- WORK TO BE COMPLETED -
The entries must be set down again word for word; no pictures belong in the copy.

- PROVIDED MATERIAL -

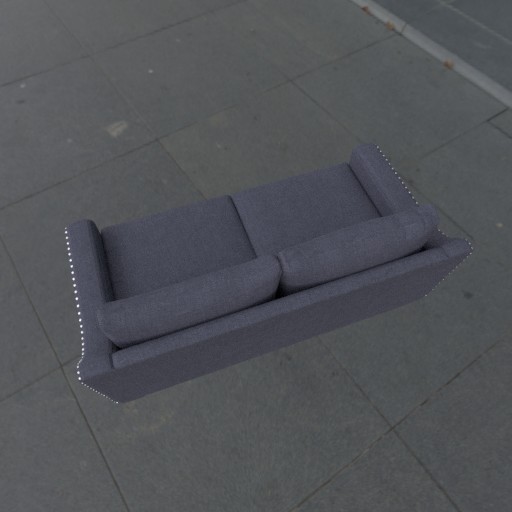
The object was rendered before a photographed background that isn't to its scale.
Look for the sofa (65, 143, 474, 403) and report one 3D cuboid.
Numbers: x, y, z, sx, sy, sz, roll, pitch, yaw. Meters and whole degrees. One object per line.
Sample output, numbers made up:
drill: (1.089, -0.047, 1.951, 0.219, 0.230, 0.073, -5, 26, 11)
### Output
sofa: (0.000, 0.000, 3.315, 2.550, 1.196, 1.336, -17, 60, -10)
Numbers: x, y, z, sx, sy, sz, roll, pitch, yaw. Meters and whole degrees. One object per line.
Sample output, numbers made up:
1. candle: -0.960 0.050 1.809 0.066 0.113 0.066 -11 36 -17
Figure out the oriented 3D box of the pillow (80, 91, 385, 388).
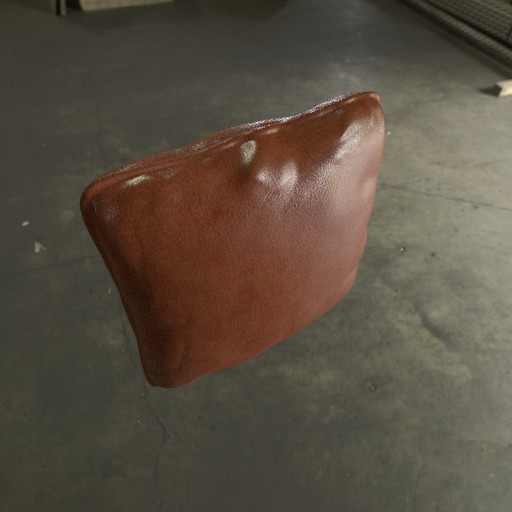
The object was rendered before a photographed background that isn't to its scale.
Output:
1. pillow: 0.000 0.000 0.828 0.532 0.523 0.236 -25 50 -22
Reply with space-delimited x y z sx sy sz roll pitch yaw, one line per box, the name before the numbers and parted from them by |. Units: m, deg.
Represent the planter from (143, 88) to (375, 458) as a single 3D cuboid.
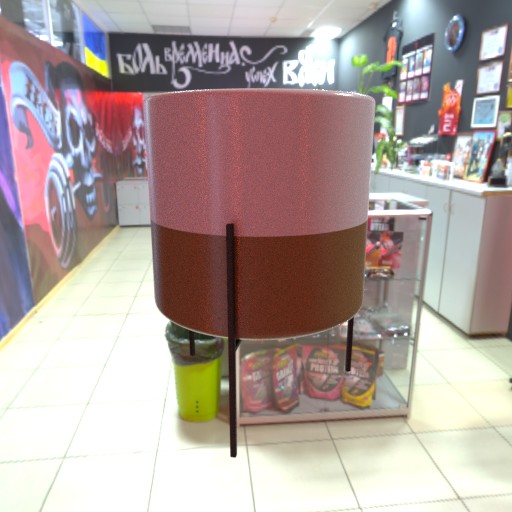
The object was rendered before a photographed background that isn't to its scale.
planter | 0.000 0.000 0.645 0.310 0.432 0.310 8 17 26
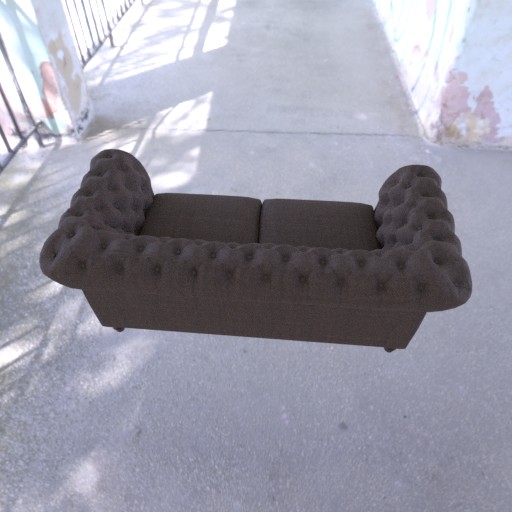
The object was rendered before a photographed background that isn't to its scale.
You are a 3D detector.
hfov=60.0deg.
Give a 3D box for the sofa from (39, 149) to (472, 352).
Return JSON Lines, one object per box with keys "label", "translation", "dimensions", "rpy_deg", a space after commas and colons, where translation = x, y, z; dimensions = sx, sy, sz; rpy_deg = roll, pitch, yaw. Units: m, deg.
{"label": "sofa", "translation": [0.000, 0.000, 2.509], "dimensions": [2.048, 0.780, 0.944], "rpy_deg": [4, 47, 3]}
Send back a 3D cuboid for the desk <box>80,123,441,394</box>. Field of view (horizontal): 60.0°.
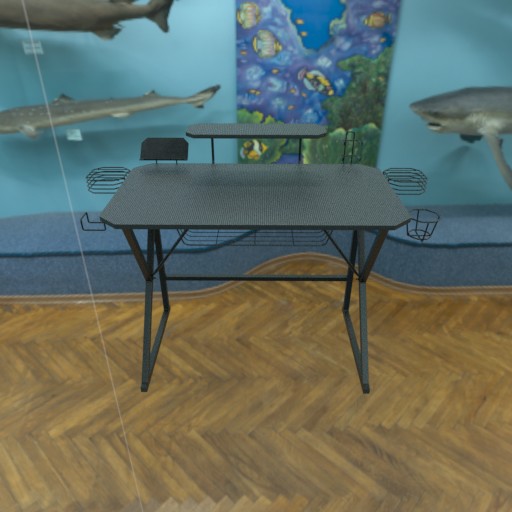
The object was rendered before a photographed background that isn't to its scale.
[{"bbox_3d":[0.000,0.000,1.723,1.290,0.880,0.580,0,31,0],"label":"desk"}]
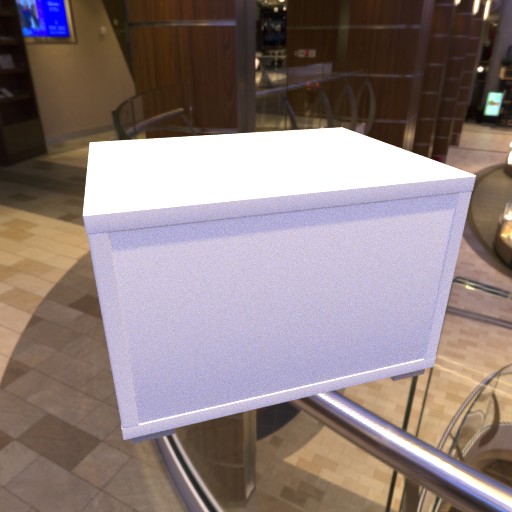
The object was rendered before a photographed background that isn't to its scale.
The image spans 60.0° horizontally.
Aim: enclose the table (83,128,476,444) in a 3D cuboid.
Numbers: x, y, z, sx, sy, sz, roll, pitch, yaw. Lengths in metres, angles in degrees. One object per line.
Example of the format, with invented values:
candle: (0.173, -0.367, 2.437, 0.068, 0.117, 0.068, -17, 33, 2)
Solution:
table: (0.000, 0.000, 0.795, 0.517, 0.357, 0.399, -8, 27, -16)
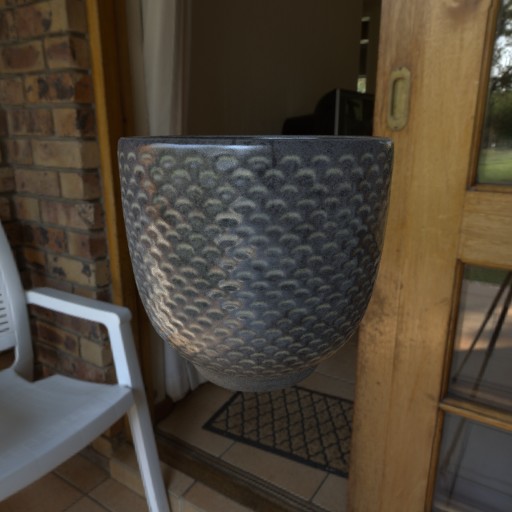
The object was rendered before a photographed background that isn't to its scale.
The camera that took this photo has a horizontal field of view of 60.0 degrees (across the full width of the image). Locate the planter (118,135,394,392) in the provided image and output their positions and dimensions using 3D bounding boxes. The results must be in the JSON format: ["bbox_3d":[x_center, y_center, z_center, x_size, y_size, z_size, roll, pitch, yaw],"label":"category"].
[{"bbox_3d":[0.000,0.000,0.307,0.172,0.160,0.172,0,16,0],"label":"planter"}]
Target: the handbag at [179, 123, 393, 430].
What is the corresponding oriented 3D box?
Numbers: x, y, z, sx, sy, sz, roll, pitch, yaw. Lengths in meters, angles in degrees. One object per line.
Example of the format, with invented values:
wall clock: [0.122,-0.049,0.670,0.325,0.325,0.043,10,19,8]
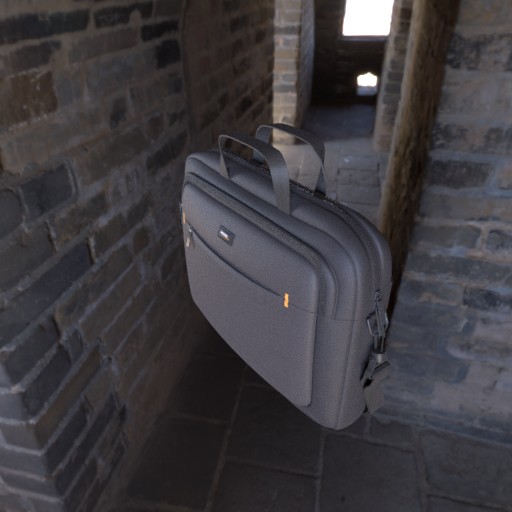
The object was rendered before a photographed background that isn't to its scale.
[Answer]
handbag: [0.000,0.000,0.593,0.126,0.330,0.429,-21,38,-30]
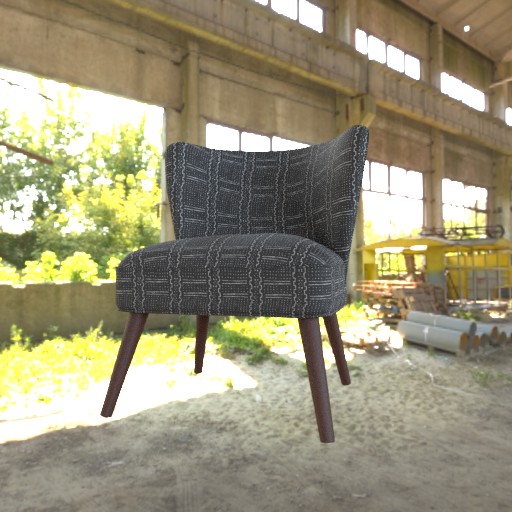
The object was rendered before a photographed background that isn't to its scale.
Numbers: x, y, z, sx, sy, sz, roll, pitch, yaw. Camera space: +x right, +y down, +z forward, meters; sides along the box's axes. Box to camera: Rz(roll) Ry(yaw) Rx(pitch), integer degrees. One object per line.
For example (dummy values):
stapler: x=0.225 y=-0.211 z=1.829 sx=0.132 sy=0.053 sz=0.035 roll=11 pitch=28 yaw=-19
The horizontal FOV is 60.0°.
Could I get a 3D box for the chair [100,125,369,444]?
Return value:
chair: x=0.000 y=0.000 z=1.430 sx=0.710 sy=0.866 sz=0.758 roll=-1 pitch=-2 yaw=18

- ANSWER TO THE PROBLEM -
The object was rendered before a photographed background that isn't to its scale.
Look for the sofa (65, 143, 474, 403) and report one 3D cuboid.
Numbers: x, y, z, sx, sy, sz, roll, pitch, yaw. Meters and whole degrees. One object per line.
Sample output, numbers made up:
drill: (1.089, -0.047, 1.951, 0.219, 0.230, 0.073, -5, 26, 11)
### Output
sofa: (0.000, 0.000, 3.315, 2.550, 1.196, 1.336, -17, 60, -10)
Numbers: x, y, z, sx, sy, sz, roll, pitch, yaw. Meters and whole degrees. One object per line.
Sample output, numbers made up:
1. candle: -0.960 0.050 1.809 0.066 0.113 0.066 -11 36 -17
Figure out the oriented 3D box of the pillow (80, 91, 385, 388).
The object was rendered before a photographed background that isn't to its scale.
Output:
1. pillow: 0.000 0.000 0.828 0.532 0.523 0.236 -25 50 -22
Reply with space-delimited x y z sx sy sz roll pitch yaw, one line per box, the name before the numbers and parted from them by |. Units: m, deg.
Represent the planter from (143, 88) to (375, 458) as a single 3D cuboid.
The object was rendered before a photographed background that isn't to its scale.
planter | 0.000 0.000 0.645 0.310 0.432 0.310 8 17 26
The object was rendered before a photographed background that isn't to its scale.
You are a 3D detector.
hfov=60.0deg.
Give a 3D box for the sofa from (39, 149) to (472, 352).
Return JSON Lines, one object per box with keys "label", "translation", "dimensions", "rpy_deg", a space after commas and colons, where translation = x, y, z; dimensions = sx, sy, sz; rpy_deg = roll, pitch, yaw. Units: m, deg.
{"label": "sofa", "translation": [0.000, 0.000, 2.509], "dimensions": [2.048, 0.780, 0.944], "rpy_deg": [4, 47, 3]}
Send back a 3D cuboid for the desk <box>80,123,441,394</box>. Field of view (horizontal): 60.0°.
The object was rendered before a photographed background that isn't to its scale.
[{"bbox_3d":[0.000,0.000,1.723,1.290,0.880,0.580,0,31,0],"label":"desk"}]
The object was rendered before a photographed background that isn't to its scale.
The image spans 60.0° horizontally.
Aim: enclose the table (83,128,476,444) in a 3D cuboid.
Numbers: x, y, z, sx, sy, sz, roll, pitch, yaw. Lengths in metres, angles in degrees. One object per line.
Example of the format, with invented values:
candle: (0.173, -0.367, 2.437, 0.068, 0.117, 0.068, -17, 33, 2)
Solution:
table: (0.000, 0.000, 0.795, 0.517, 0.357, 0.399, -8, 27, -16)
The object was rendered before a photographed background that isn't to its scale.
The camera that took this photo has a horizontal field of view of 60.0 degrees (across the full width of the image). Locate the planter (118,135,394,392) in the provided image and output their positions and dimensions using 3D bounding boxes. The results must be in the JSON format: ["bbox_3d":[x_center, y_center, z_center, x_size, y_size, z_size, roll, pitch, yaw],"label":"category"].
[{"bbox_3d":[0.000,0.000,0.307,0.172,0.160,0.172,0,16,0],"label":"planter"}]
Target: the handbag at [179, 123, 393, 430].
What is the corresponding oriented 3D box?
Numbers: x, y, z, sx, sy, sz, roll, pitch, yaw. Lengths in meters, angles in degrees. One object per line.
Example of the format, with invented values:
wall clock: [0.122,-0.049,0.670,0.325,0.325,0.043,10,19,8]
The object was rendered before a photographed background that isn't to its scale.
[Answer]
handbag: [0.000,0.000,0.593,0.126,0.330,0.429,-21,38,-30]
The object was rendered before a photographed background that isn't to its scale.
Numbers: x, y, z, sx, sy, sz, roll, pitch, yaw. Camera space: +x right, +y down, +z forward, meters; sides along the box's axes. Box to camera: Rz(roll) Ry(yaw) Rx(pitch), integer degrees. One object per line.
For example (dummy values):
stapler: x=0.225 y=-0.211 z=1.829 sx=0.132 sy=0.053 sz=0.035 roll=11 pitch=28 yaw=-19
The horizontal FOV is 60.0°.
Could I get a 3D box for the chair [100,125,369,444]?
Return value:
chair: x=0.000 y=0.000 z=1.430 sx=0.710 sy=0.866 sz=0.758 roll=-1 pitch=-2 yaw=18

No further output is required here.